- **Source data**
============
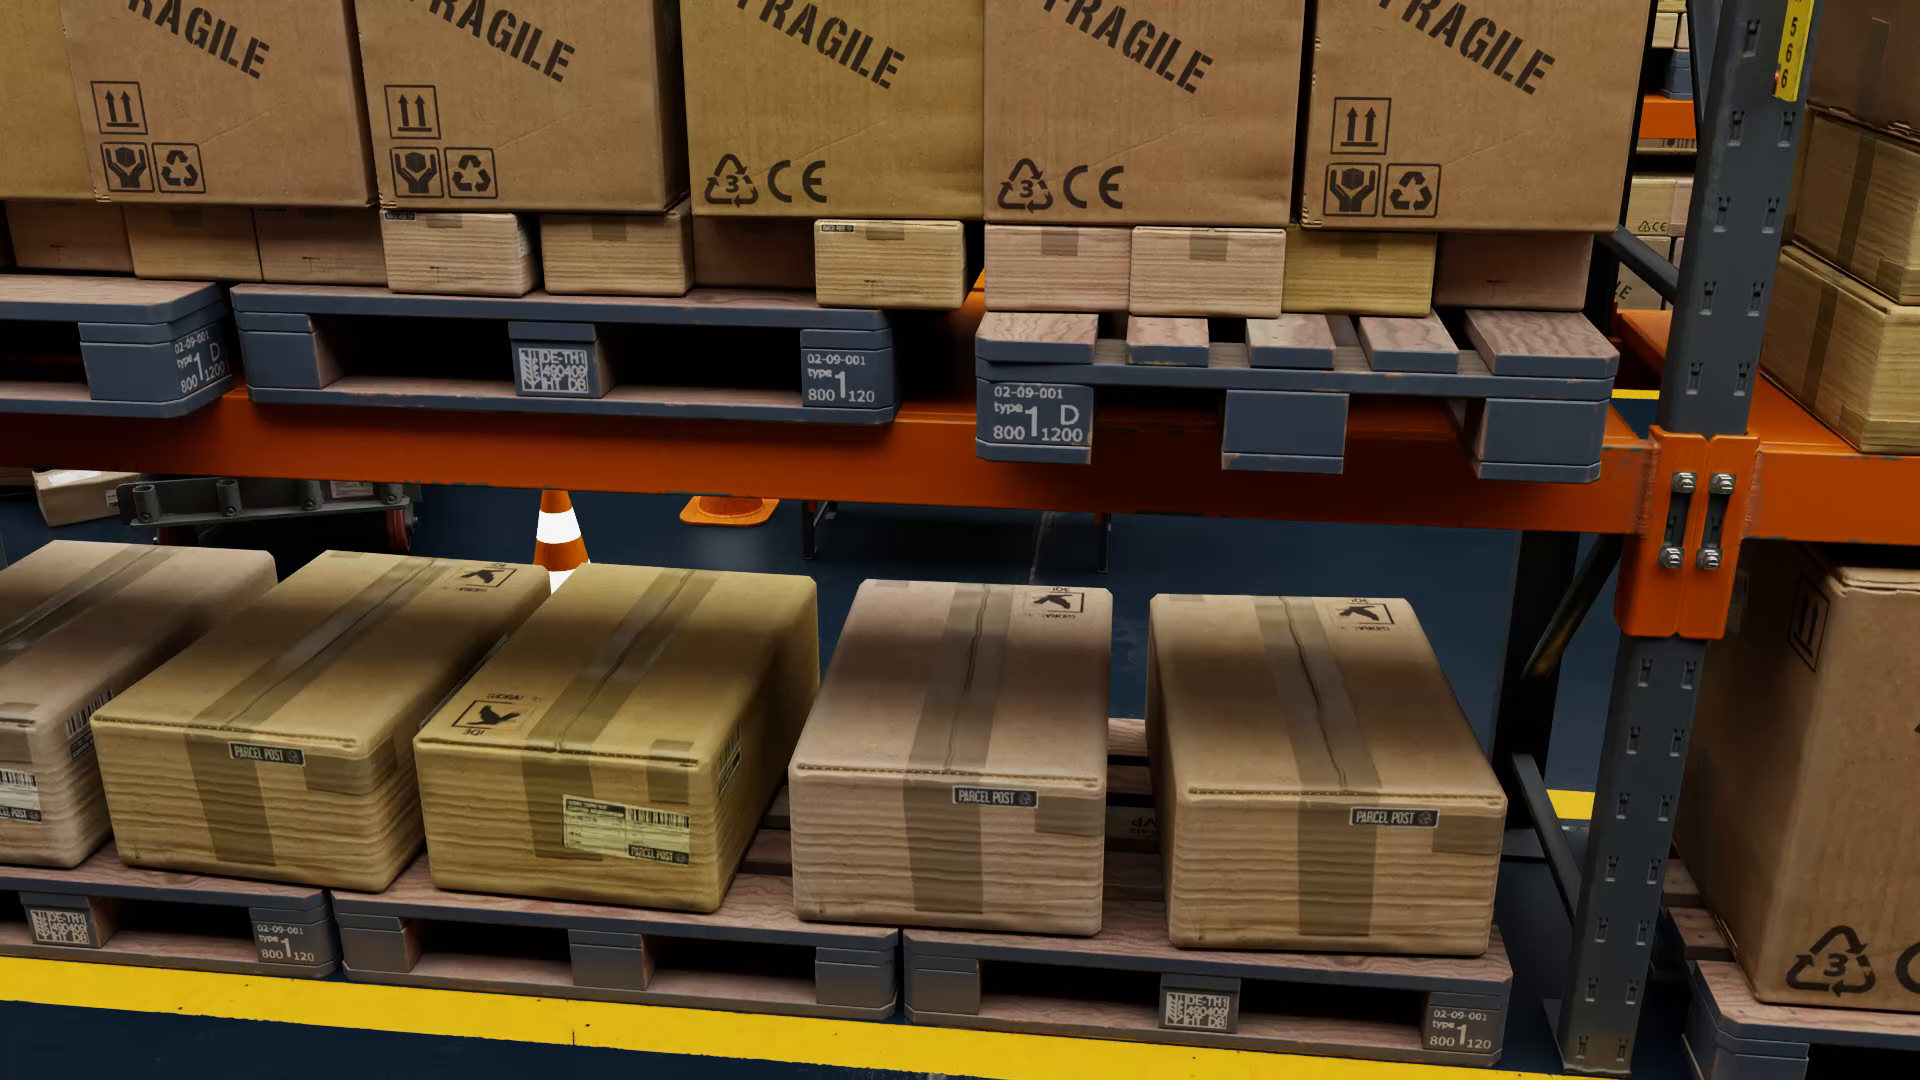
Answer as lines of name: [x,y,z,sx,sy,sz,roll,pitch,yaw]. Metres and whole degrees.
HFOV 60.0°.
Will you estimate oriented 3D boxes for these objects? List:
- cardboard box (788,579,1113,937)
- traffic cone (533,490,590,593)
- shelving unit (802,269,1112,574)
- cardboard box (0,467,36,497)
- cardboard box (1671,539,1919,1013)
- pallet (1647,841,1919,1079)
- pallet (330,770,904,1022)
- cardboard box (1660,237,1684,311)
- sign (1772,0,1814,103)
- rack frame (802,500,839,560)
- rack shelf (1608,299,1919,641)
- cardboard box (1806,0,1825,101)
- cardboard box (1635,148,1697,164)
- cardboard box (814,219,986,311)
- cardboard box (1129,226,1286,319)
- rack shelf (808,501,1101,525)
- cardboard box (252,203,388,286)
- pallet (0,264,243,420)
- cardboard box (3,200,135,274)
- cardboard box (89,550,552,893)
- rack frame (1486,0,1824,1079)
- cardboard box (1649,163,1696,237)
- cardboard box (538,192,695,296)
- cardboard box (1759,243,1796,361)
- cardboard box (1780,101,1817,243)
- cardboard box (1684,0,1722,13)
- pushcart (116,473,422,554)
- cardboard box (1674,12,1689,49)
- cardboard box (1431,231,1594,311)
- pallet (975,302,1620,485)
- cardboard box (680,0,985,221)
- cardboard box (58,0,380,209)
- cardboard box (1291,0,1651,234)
cardboard box: [0.017,0.448,3.730,0.625,0.372,0.950,2,22,5]
traffic cone: [-1.265,0.027,5.241,0.334,0.463,0.336,2,22,6]
shelving unit: [0.007,-0.523,5.732,1.048,1.125,0.538,2,22,6]
cardboard box: [-3.661,-0.581,6.541,0.503,0.637,0.797,2,22,6]
cardboard box: [1.987,0.331,3.341,0.875,0.875,0.875,2,22,6]
pallet: [2.085,0.836,3.537,1.213,0.211,1.003,2,22,6]
pallet: [-0.673,0.687,3.916,1.213,0.211,1.003,2,22,6]
cardboard box: [3.476,-1.202,7.728,0.500,0.500,0.500,2,22,5]
sign: [1.257,-0.825,2.480,0.005,0.325,0.100,2,22,6]
rack frame: [-0.498,-0.545,5.788,0.032,1.125,0.500,2,22,6]
rack shelf: [3.297,-0.101,3.094,4.000,0.370,1.077,2,22,6]
cardboard box: [1.855,-1.107,3.163,0.500,0.500,0.500,2,22,5]
cardboard box: [3.509,-1.736,8.059,0.500,0.250,0.500,3,22,8]
cardboard box: [-0.096,-0.529,2.969,0.250,0.149,0.380,3,22,7]
cardboard box: [0.428,-0.508,2.916,0.250,0.149,0.380,2,22,6]
rack shelf: [0.007,-0.295,5.822,1.000,0.278,0.538,2,22,6]
cardboard box: [-1.116,-0.598,3.143,0.250,0.149,0.380,3,22,7]
pallet: [-1.919,-0.520,3.435,1.213,0.211,1.003,2,22,6]
cardboard box: [-1.612,-0.636,3.239,0.250,0.149,0.380,4,22,10]
cardboard box: [-1.426,0.383,3.893,0.625,0.372,0.950,4,22,10]
rack frame: [1.311,-0.522,3.180,0.127,3.000,1.000,2,22,6]
cardboard box: [3.443,-1.549,7.587,0.500,0.250,0.500,3,22,7]
cardboard box: [-0.590,-0.567,3.064,0.250,0.149,0.380,2,22,5]
cardboard box: [1.844,-0.525,3.392,0.500,0.250,0.500,2,22,4]
cardboard box: [1.822,-0.756,3.297,0.500,0.250,0.500,2,22,6]
cardboard box: [3.282,-2.413,7.329,0.250,0.149,0.380,3,22,6]
pushcart: [-2.442,-0.310,6.211,0.936,0.377,1.648,-5,22,-12]
cardboard box: [3.281,-2.274,7.383,0.250,0.149,0.380,3,22,8]
cardboard box: [0.958,-0.529,2.968,0.250,0.149,0.380,3,22,8]
pallet: [0.591,-0.425,3.195,1.003,0.211,1.213,2,22,6]
cardboard box: [-0.189,-0.860,2.923,0.500,0.500,0.500,1,22,3]
cardboard box: [-1.242,-0.902,3.030,0.500,0.500,0.500,2,22,6]
cardboard box: [0.827,-0.820,2.823,0.500,0.500,0.500,2,22,5]
============
- **Problem**
Once the line containing "- cardboard box (1129,226,1286,319)" has been copied, stop; everything from the first line of the data up to it must be copied exactly, without pictures.

- **Output of the task**
Answer as lines of name: [x,y,z,sx,sy,sz,roll,pitch,yaw]. Metres and whole degrees.
HFOV 60.0°.
Will you estimate oriented 3D boxes for these objects? List:
- cardboard box (788,579,1113,937)
- traffic cone (533,490,590,593)
- shelving unit (802,269,1112,574)
- cardboard box (0,467,36,497)
- cardboard box (1671,539,1919,1013)
- pallet (1647,841,1919,1079)
- pallet (330,770,904,1022)
- cardboard box (1660,237,1684,311)
- sign (1772,0,1814,103)
- rack frame (802,500,839,560)
- rack shelf (1608,299,1919,641)
- cardboard box (1806,0,1825,101)
- cardboard box (1635,148,1697,164)
- cardboard box (814,219,986,311)
- cardboard box (1129,226,1286,319)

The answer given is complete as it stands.